Ilmu dan amal merupakan dua hal yang tidak bisa dipisahkan. Karena ilmu akan bernilai ketika dibarengi dengan amal sebanyak-banyaknya. Begitu juga dengan amal akan memiliki nilai yang tinggi ketika didasari dengan ilmu. Abu Bakar as-Shidiq pernah berkata bahwa tanpa ilmu, amal tidak ada gunanya. Sedangkan ilmu tanpa amal adalah hal yang sia-sia.
Berbicara tentang memberdayakan diri dengan ilmu dan amal, dalam tulisan ini menitik beratkan pada orang-orang yang sudah memiliki gelar ataupun jabatan. Bagi mereka yang telah mempelajari banyak ilmu hingga mendapatkan jabatan (kesuksesan) perlulah untuk memberikan hasil daripada ilmunya yang berdampak melalui praktik-praktik amal yang baik. Hal ini sebagai bentuk perwujudan dari Hablum Minallah, Hablum Minannas, dan Hablum Minal Alam.
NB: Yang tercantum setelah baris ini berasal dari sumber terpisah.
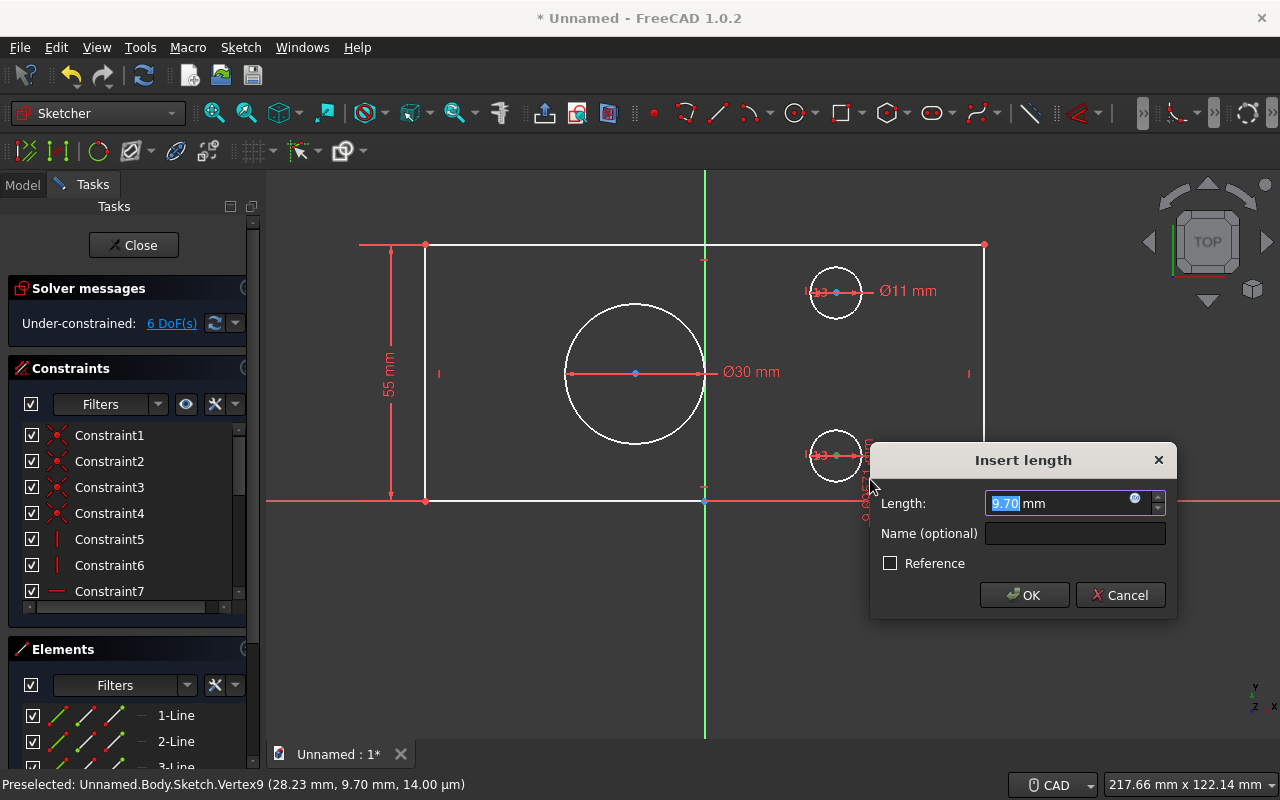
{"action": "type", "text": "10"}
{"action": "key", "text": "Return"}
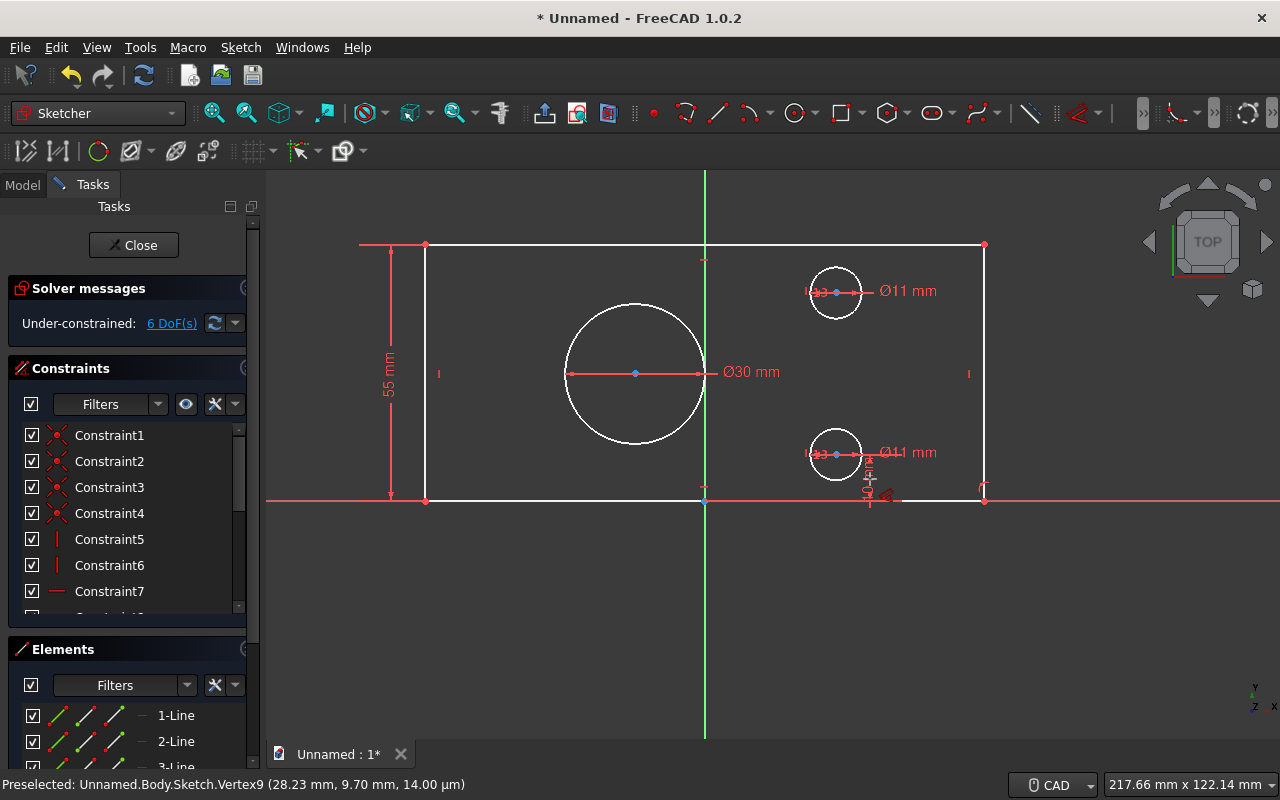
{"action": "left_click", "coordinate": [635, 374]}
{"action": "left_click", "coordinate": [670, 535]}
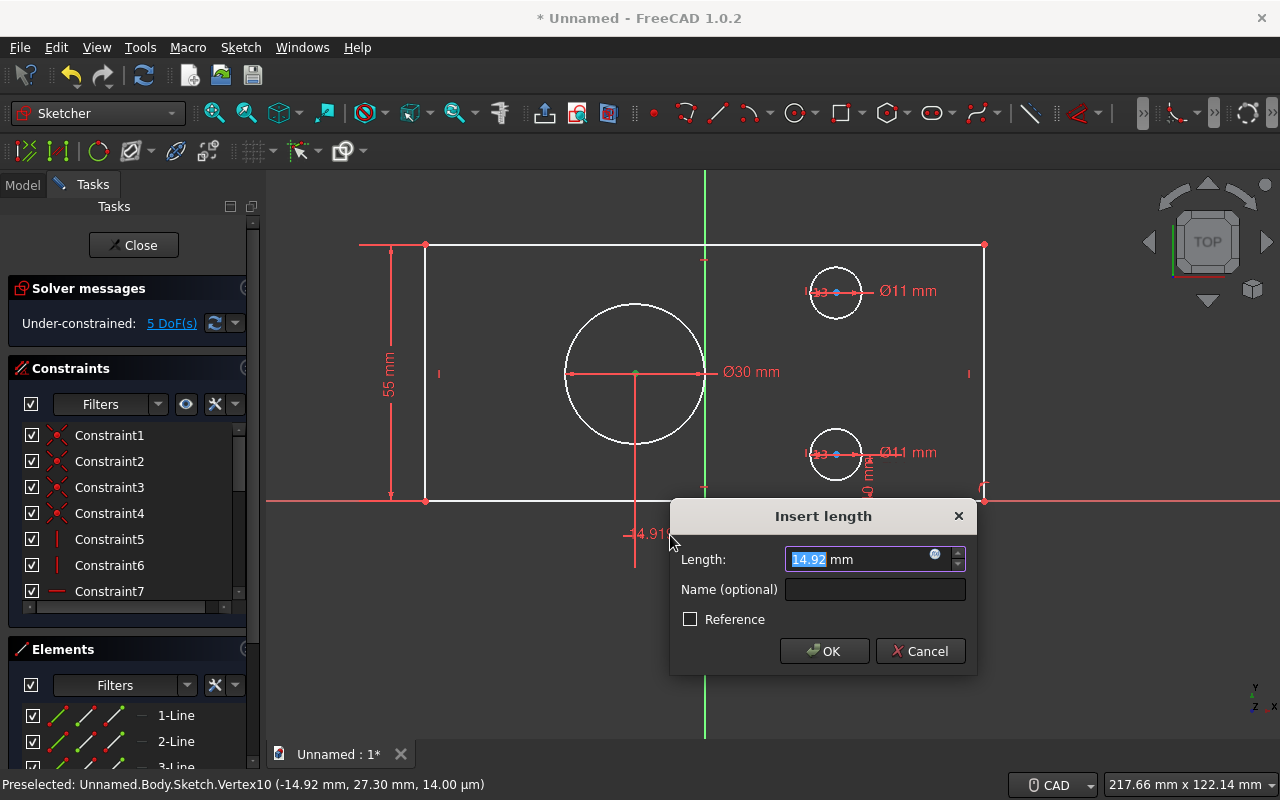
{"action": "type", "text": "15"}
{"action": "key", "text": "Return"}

Dalam istilah Jawa ada pepatah bali deso bangun deso yang dalam Bahasa Indonesia berarti pulang ke desa membangun desa. Pepatah itu menjelaskan bahwa ketika seseorang sudah memperoleh pengalaman (ilmu) dari luar desanya baik itu sekolah, kuliah, maupun jabatan di tempat kerja, maka haruslah kembali ke desa untuk membangun daerah asal menjadi lebih baik. Tidak hanya fokus pada pekerjaan saja walaupun sudah bisa dikatakan hal itu sebagai implementasi dari ilmu. Jika berbicara tentang amal, fokusnya harus lebih luas yaitu berdampak untuk lingkungan sekitar.
Amal yang bisa dilakukan banyak sekali. Sebanyak manfaat yang bisa dilakukan walaupun terbilang masih sederhana dalam berdampak. Bersedekah, membuat karya inspiratif, membuat majelis ilmu, bekerjasama dalam kegiatan desa dan masih banyak lagi. Paling tidak rasa simpati itu muncul ketika terdapat suatu permasalahan di desa apapun yang bisa dibantu. Tidak malah apatis karena tidak bermanfaat bagi dirinya. Konsep silaturahim, musyawarah, dan gotong royong perlu ditekankan pada diri setiap orang.